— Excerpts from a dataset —

== Segment start ==

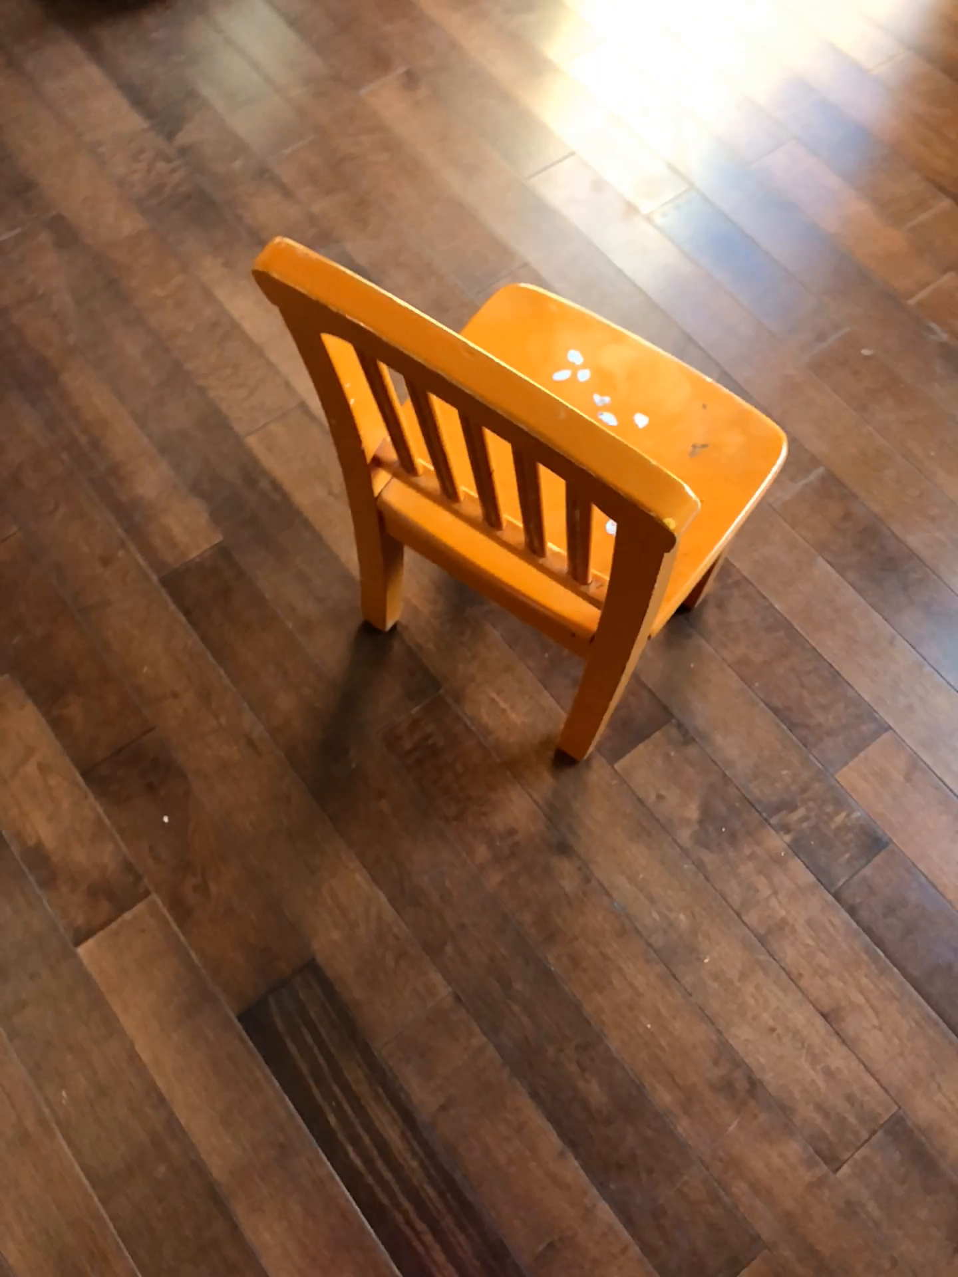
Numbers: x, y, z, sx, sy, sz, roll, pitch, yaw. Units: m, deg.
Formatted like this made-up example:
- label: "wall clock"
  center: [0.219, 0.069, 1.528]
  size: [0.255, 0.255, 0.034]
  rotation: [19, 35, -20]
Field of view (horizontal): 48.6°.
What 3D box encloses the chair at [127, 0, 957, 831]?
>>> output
- label: "chair"
  center: [0.045, -0.156, 0.870]
  size: [0.360, 0.570, 0.350]
  rotation: [35, 69, 13]
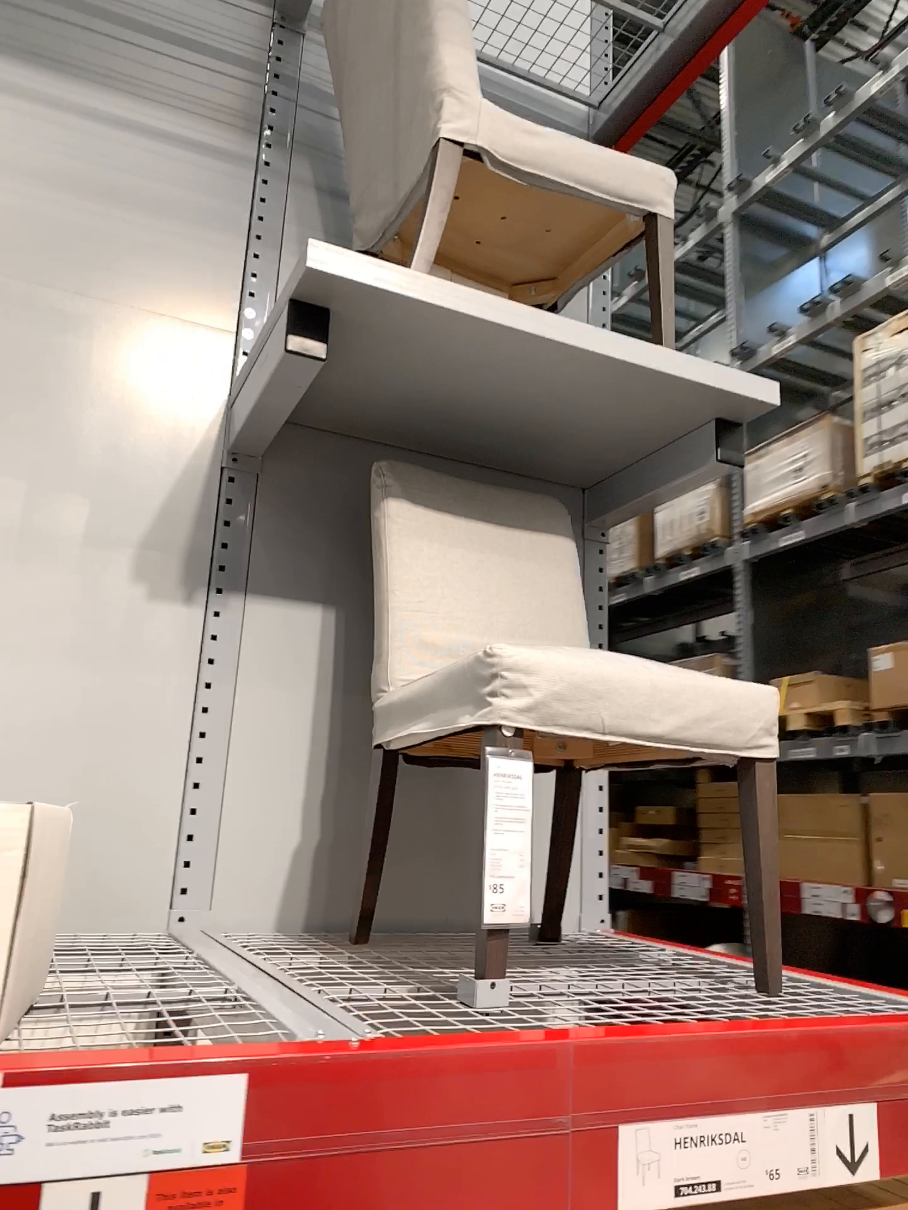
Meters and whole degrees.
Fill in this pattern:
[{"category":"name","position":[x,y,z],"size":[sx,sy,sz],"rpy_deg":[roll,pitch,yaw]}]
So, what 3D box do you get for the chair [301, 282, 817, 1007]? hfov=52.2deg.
[{"category":"chair","position":[0.148,0.110,1.642],"size":[0.559,0.983,0.668],"rpy_deg":[10,-16,-26]}]
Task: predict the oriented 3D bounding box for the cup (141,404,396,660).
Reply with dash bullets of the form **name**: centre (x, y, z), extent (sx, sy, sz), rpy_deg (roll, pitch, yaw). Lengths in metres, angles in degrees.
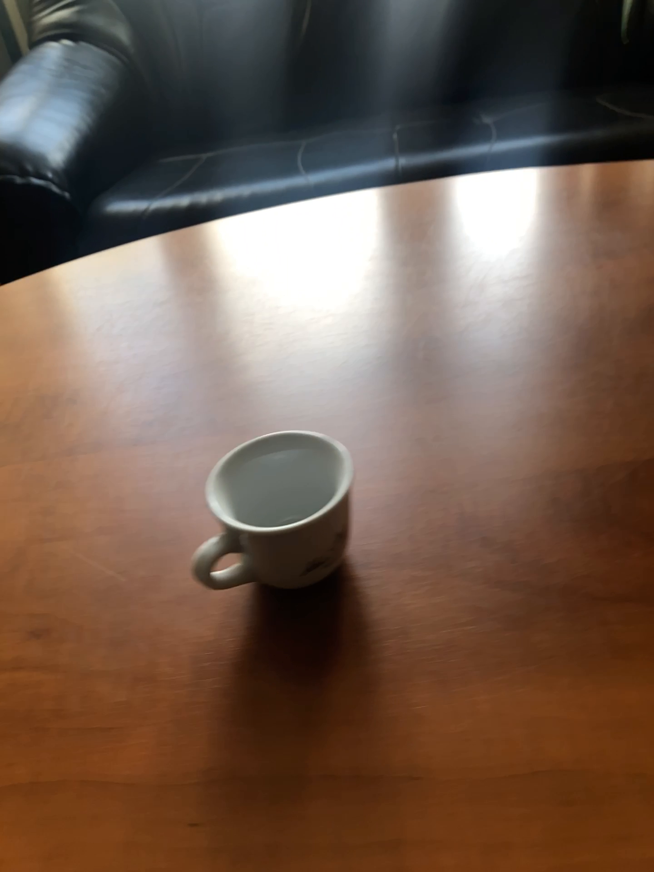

== Segment end ==

— DIRECTIONS —
Only lines that contain the string "pitch" count; pick each one out of the records and copy it.

— RESPONSE TO THIS TASK —
Numbers: x, y, z, sx, sy, sz, roll, pitch, yaw. Units: m, deg.
[{"category":"name","position":[x,y,z],"size":[sx,sy,sz],"rpy_deg":[roll,pitch,yaw]}]
Reply with dash bullets of the form **name**: centre (x, y, z), extent (sx, sy, sz), rpy_deg (roll, pitch, yaw). Lengths in metres, angles in degrees.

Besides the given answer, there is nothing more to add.